What you have to do: Only the number is wanted: tally the lines below that contain the word "opnemen".

Source data:
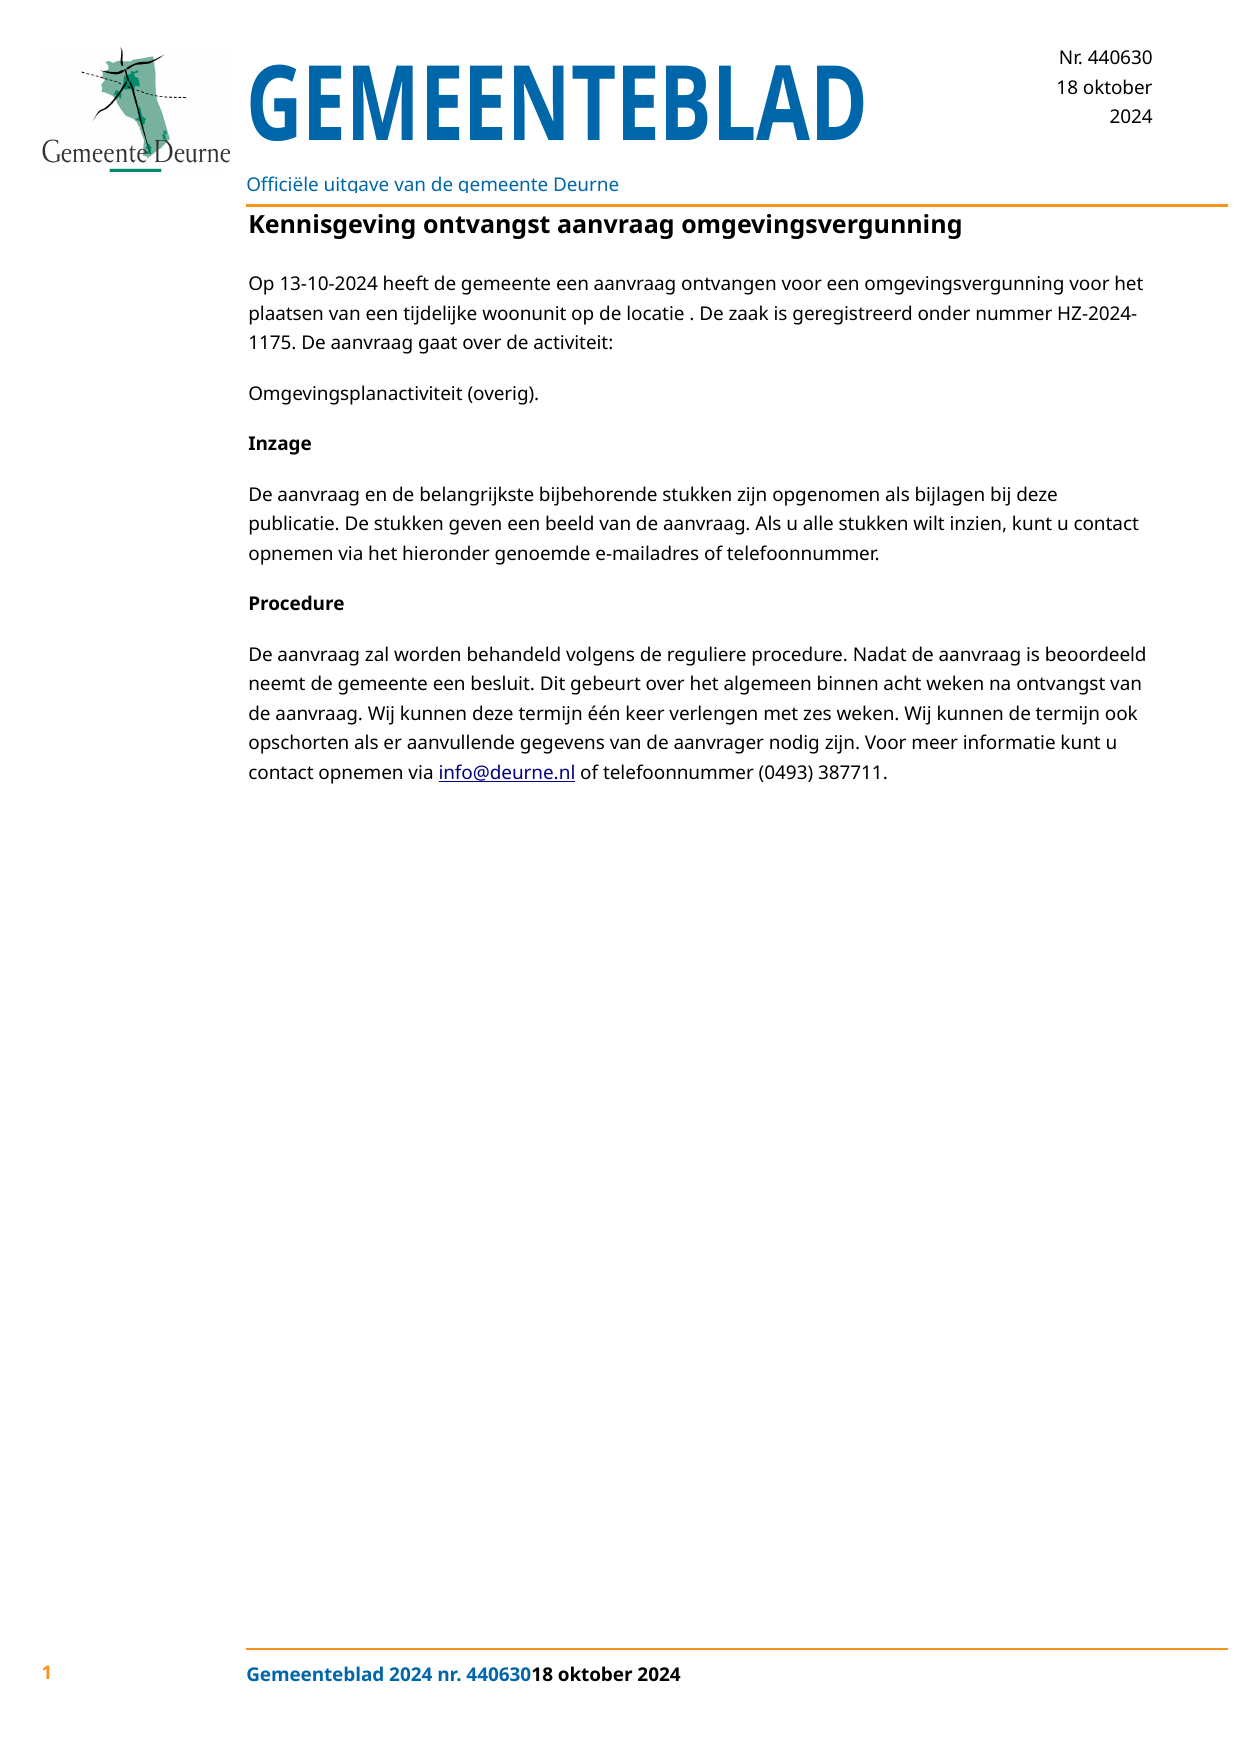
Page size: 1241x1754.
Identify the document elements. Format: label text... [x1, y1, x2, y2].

text De aanvraag en de belangrijkste bijbehorende stukken zijn opgenomen als bijlagen bij deze publicatie. De stukken geven een beeld van de aanvraag. Als u alle stukken wilt inzien, kunt u contact opnemen via het hieronder genoemde e-mailadres of telefoonnummer. [248, 481, 1152, 566]
text Kennisgeving ontvangst aanvraag omgevingsvergunning [248, 207, 1152, 241]
picture [41, 47, 231, 172]
text Omgevingsplanactiviteit (overig). [248, 380, 1152, 406]
text Inzage [248, 430, 1152, 456]
text Procedure [248, 590, 1152, 616]
text De aanvraag zal worden behandeld volgens de reguliere procedure. Nadat de aanvraag is beoordeeld neemt de gemeente een besluit. Dit gebeurt over het algemeen binnen acht weken na ontvangst van de aanvraag. Wij kunnen deze termijn één keer verlengen met zes weken. Wij kunnen de termijn ook opschorten als er aanvullende gegevens van de aanvrager nodig zijn. Voor meer informatie kunt u contact opnemen via info@deurne.nl of telefoonnummer (0493) 387711. [248, 641, 1152, 785]
text Op 13-10-2024 heeft de gemeente een aanvraag ontvangen voor een omgevingsvergunning voor het plaatsen van een tijdelijke woonunit op de locatie . De zaak is geregistreerd onder nummer HZ-2024-1175. De aanvraag gaat over de activiteit: [248, 270, 1152, 355]
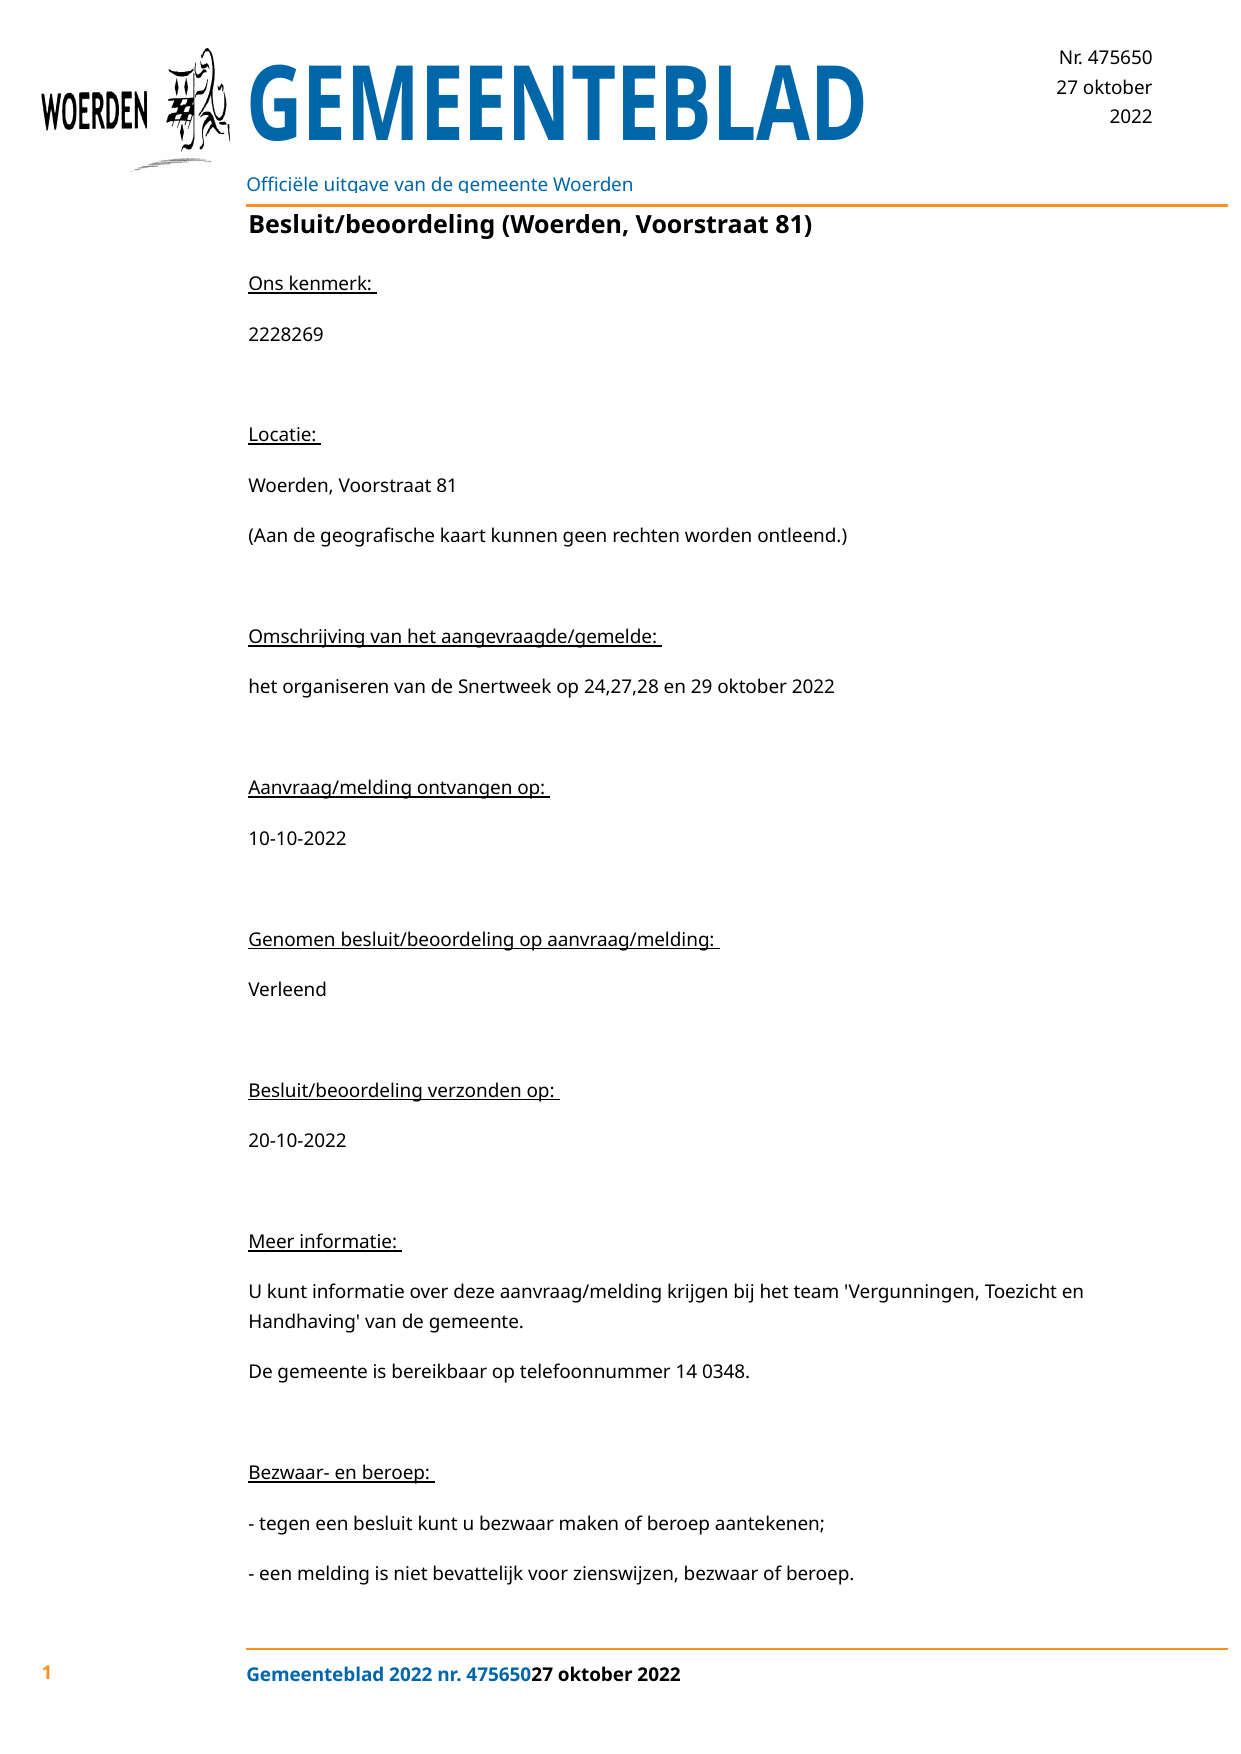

Exercise answer: 2